Exercise requirements
Look through the lines below for the word "instrument", and copy every line that has it.

[Stored data]
====================
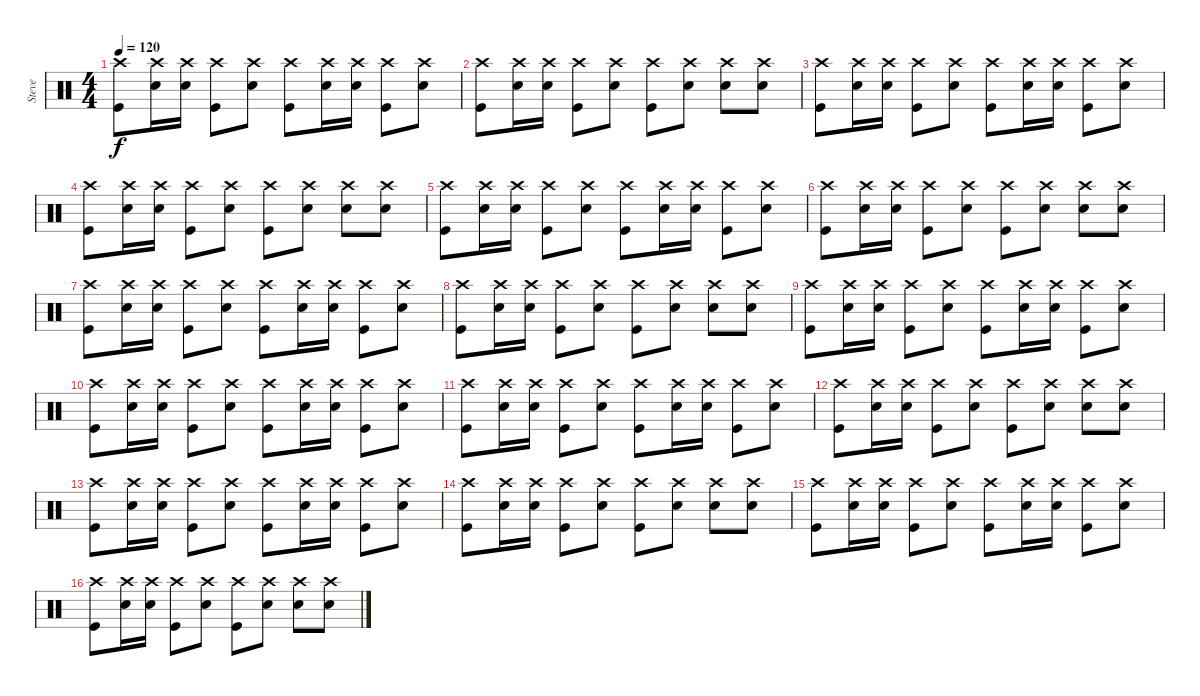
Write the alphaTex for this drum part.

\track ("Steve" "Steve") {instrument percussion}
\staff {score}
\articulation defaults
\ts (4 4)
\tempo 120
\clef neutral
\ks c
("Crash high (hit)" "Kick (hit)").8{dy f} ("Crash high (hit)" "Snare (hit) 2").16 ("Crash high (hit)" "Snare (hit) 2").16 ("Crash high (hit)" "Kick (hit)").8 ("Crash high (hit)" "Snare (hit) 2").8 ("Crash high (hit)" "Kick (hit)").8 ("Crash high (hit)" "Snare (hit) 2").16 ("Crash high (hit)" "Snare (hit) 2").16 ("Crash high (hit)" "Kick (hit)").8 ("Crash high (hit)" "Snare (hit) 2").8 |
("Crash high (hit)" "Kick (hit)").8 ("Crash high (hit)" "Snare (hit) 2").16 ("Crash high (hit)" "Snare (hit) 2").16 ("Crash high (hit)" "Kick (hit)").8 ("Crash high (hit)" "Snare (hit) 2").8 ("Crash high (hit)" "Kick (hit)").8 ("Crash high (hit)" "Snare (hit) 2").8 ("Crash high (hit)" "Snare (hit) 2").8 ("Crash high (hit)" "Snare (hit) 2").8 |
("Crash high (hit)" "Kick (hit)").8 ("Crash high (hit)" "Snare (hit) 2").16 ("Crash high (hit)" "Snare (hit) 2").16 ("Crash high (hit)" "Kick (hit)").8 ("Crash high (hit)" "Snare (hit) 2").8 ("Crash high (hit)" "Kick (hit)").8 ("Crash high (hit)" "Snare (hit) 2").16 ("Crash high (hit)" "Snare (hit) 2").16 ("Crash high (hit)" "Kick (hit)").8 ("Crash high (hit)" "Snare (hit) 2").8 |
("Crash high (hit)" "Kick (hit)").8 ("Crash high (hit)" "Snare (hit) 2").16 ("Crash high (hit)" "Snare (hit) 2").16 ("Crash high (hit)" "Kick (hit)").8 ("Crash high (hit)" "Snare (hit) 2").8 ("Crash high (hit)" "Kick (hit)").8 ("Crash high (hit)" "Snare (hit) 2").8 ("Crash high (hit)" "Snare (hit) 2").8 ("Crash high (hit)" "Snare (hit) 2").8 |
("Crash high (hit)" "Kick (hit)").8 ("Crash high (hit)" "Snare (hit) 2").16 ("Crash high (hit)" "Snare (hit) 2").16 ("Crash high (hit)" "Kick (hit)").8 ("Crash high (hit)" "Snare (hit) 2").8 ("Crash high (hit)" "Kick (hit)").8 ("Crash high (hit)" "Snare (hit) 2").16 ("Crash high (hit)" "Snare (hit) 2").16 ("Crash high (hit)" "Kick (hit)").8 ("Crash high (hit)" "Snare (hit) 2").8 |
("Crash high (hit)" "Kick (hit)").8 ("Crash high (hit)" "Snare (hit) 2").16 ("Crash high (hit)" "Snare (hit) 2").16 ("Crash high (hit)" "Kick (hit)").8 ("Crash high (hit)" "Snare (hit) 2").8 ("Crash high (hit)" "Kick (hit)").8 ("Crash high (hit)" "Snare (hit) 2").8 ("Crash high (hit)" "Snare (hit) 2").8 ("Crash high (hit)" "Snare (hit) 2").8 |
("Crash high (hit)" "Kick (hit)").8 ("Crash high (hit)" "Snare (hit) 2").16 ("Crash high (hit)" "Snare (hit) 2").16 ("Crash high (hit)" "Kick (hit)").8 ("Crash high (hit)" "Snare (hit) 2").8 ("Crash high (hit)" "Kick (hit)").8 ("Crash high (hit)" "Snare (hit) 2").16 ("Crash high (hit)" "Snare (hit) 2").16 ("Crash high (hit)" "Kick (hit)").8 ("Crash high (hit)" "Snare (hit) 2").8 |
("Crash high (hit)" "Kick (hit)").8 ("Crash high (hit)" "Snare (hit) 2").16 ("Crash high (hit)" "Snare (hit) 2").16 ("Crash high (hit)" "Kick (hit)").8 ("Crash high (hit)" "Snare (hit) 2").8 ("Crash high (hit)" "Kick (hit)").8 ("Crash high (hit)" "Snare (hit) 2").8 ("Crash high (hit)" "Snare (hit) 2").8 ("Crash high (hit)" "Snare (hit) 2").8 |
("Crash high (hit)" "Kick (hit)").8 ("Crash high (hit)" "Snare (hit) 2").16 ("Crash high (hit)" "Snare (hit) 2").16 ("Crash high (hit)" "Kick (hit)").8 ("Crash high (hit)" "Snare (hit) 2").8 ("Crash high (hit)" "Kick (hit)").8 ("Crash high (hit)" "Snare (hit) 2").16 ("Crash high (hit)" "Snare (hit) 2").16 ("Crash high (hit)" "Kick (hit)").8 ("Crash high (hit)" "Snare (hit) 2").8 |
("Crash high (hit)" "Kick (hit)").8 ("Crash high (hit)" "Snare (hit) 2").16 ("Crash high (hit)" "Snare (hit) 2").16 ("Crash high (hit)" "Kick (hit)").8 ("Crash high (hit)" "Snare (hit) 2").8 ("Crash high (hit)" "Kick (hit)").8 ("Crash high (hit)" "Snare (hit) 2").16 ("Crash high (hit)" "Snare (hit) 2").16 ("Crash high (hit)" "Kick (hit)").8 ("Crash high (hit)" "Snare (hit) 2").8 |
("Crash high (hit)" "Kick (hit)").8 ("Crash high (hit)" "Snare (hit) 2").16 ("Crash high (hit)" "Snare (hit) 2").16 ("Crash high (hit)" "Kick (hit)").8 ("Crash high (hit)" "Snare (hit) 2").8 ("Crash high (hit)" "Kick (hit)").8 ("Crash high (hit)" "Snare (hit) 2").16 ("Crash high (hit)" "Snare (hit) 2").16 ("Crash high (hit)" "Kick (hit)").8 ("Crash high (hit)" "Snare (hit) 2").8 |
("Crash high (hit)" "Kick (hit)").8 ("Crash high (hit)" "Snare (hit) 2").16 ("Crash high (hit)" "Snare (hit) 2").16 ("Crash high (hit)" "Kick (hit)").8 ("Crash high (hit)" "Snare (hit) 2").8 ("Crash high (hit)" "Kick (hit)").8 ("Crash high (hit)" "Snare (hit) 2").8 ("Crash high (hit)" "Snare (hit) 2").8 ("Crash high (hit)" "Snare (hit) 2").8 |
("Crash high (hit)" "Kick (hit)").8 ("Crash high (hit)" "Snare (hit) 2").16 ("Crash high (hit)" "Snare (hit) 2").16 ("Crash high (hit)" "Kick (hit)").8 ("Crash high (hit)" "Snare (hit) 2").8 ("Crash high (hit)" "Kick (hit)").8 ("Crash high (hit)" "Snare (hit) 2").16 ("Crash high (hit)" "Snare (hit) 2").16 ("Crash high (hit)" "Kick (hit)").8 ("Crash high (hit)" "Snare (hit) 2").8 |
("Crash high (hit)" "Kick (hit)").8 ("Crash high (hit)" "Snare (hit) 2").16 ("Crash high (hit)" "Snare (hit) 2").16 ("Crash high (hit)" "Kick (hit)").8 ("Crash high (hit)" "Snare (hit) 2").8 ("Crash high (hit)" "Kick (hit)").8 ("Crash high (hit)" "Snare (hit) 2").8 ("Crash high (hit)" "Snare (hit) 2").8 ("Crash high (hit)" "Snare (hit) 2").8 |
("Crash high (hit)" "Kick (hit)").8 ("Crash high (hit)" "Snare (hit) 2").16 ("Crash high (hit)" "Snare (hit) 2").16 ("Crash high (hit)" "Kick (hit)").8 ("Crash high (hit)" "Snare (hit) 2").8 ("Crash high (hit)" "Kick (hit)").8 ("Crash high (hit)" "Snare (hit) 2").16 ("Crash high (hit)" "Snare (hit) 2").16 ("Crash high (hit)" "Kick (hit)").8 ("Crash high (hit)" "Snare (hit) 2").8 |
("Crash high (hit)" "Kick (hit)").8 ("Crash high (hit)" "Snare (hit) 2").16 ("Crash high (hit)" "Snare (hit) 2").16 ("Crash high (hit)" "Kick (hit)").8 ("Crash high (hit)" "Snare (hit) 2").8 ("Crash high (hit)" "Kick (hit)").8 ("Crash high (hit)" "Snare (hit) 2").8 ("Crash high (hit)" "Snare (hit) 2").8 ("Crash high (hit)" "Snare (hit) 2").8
====================
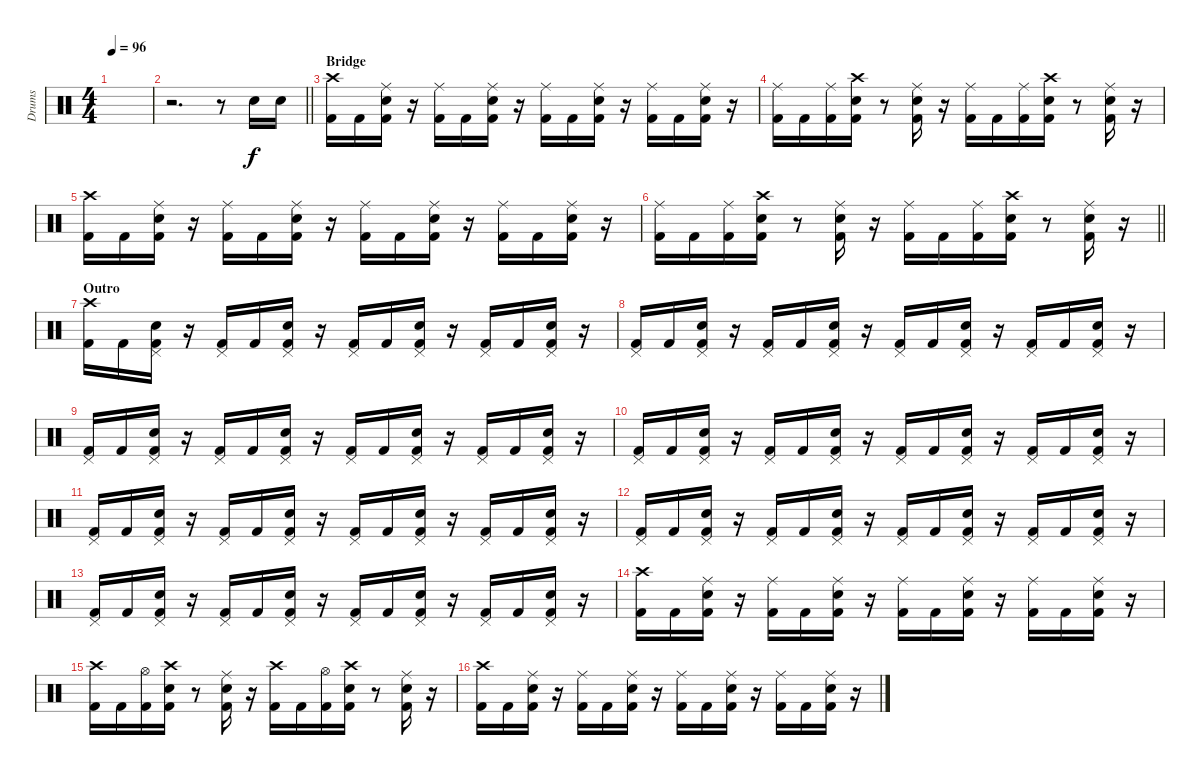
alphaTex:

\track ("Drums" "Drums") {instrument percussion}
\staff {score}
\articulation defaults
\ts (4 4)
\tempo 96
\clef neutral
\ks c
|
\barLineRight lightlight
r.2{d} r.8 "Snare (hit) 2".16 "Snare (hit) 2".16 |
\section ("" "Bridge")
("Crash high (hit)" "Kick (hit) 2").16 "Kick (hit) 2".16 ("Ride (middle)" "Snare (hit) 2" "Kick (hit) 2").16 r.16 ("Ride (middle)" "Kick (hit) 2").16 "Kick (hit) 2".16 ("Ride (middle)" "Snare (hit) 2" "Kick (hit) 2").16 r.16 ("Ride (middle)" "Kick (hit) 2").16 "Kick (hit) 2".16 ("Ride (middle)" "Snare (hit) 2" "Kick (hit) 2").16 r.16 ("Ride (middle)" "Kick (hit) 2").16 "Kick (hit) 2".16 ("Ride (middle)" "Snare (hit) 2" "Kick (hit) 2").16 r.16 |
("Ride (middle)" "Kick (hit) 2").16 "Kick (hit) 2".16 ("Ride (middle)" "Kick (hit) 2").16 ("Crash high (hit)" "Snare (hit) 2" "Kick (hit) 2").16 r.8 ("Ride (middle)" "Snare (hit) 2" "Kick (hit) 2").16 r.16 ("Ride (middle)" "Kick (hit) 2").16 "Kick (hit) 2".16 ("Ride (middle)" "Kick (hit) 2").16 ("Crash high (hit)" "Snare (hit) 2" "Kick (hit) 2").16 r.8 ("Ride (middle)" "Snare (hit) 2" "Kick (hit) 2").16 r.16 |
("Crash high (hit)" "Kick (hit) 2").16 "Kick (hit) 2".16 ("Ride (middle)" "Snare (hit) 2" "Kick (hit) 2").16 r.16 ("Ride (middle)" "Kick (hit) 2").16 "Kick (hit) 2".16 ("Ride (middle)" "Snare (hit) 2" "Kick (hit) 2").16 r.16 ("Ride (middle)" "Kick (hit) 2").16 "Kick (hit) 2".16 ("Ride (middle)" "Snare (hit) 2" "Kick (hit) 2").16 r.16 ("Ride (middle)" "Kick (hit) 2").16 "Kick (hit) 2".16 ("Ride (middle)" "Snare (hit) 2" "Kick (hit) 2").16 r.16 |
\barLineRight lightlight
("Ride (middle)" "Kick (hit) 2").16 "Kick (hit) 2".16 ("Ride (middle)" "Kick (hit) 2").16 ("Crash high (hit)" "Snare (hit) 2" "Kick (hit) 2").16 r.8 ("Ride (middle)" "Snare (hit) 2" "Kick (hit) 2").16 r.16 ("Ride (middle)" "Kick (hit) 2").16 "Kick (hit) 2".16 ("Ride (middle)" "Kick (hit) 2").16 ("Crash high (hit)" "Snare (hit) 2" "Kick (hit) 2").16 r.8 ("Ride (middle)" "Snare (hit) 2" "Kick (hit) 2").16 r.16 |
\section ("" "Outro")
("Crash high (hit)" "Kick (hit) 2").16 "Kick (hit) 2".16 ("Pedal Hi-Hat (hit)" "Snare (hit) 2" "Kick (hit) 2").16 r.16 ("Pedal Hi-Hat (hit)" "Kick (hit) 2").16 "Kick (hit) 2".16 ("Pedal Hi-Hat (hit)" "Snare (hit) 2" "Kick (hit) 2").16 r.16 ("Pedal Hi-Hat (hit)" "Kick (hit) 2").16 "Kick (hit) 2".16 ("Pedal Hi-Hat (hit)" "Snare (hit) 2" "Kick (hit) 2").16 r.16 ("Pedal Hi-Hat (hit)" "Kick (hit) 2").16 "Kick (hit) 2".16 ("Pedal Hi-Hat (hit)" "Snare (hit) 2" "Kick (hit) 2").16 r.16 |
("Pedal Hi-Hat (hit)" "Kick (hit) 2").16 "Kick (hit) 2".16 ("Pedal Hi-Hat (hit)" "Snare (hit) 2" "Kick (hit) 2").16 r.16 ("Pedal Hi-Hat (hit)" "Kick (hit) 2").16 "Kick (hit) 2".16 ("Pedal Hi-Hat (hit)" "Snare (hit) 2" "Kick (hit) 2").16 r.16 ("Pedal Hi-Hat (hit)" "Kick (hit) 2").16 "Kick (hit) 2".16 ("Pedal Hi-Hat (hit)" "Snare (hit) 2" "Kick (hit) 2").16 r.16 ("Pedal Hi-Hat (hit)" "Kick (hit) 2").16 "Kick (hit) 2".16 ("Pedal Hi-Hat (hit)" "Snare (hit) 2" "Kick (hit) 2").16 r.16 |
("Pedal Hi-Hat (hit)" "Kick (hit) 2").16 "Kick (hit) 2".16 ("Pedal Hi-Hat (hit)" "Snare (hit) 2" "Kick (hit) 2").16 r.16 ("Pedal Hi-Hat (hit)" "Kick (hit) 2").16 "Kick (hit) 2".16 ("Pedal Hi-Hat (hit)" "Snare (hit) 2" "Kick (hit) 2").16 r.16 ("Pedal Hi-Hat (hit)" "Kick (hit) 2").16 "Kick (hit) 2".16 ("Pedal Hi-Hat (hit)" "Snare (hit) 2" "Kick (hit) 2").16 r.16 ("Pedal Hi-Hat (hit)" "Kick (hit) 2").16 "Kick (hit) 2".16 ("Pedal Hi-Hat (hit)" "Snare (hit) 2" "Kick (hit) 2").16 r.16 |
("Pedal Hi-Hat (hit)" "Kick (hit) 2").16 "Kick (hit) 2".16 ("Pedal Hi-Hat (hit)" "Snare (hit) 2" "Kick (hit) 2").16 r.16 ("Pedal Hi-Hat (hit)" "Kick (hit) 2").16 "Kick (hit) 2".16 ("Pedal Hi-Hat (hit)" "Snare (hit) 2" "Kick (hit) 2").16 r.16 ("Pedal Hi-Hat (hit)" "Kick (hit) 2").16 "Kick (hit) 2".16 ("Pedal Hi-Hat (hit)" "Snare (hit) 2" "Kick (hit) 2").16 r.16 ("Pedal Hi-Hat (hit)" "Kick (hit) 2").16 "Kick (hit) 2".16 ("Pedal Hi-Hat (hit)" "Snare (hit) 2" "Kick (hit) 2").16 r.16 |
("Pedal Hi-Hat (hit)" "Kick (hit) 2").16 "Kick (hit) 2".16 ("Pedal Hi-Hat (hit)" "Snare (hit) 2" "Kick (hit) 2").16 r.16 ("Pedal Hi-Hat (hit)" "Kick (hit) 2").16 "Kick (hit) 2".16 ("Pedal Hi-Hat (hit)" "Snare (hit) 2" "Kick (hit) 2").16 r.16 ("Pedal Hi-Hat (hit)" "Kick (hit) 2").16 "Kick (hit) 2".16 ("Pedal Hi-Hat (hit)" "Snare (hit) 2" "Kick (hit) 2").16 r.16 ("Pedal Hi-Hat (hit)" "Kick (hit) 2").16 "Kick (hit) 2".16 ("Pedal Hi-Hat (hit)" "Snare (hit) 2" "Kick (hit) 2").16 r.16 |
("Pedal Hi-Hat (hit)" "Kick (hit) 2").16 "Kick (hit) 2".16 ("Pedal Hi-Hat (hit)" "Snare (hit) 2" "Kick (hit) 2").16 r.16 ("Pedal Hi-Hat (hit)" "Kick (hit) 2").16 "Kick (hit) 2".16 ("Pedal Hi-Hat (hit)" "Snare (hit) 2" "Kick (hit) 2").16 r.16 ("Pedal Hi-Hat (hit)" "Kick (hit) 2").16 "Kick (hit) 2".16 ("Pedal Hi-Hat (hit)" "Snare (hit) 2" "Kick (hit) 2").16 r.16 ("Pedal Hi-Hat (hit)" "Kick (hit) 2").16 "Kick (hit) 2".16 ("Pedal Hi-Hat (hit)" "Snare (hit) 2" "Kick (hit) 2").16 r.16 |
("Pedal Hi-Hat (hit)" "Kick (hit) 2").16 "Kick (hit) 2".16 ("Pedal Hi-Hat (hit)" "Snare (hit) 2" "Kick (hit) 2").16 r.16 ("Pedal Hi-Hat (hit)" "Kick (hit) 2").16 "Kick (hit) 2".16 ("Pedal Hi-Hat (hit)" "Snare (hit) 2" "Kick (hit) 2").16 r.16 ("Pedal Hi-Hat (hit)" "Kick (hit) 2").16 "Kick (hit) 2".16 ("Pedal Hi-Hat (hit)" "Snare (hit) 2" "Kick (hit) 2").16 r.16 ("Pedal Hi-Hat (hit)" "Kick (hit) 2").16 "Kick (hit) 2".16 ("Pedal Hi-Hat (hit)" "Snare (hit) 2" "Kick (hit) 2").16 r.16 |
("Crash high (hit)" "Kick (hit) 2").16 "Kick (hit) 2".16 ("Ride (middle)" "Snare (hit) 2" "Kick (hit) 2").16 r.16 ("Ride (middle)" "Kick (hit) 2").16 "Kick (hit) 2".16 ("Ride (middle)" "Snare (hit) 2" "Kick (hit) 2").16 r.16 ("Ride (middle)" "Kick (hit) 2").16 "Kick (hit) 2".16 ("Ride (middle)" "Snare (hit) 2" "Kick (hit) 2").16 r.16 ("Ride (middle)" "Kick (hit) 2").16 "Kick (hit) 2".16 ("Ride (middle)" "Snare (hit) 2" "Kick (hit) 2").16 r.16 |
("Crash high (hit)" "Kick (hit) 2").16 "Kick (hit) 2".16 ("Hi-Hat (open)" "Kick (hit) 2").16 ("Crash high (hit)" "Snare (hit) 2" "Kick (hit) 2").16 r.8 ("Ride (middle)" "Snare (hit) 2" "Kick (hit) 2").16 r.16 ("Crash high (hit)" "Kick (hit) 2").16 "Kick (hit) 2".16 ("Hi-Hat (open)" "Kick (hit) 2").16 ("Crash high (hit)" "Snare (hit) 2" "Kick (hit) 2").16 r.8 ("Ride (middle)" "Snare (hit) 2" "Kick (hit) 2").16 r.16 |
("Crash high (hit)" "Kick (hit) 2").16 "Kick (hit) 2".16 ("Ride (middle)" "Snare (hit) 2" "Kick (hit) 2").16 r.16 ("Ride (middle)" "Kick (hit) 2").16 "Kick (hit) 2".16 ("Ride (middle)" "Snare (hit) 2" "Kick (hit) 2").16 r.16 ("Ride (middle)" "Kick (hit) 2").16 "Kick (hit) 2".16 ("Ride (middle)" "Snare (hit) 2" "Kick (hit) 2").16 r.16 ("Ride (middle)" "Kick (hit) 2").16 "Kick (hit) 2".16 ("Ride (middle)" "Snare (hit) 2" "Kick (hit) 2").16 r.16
====================
Reply
\track ("Steve" "Steve") {instrument percussion}
\track ("Drums" "Drums") {instrument percussion}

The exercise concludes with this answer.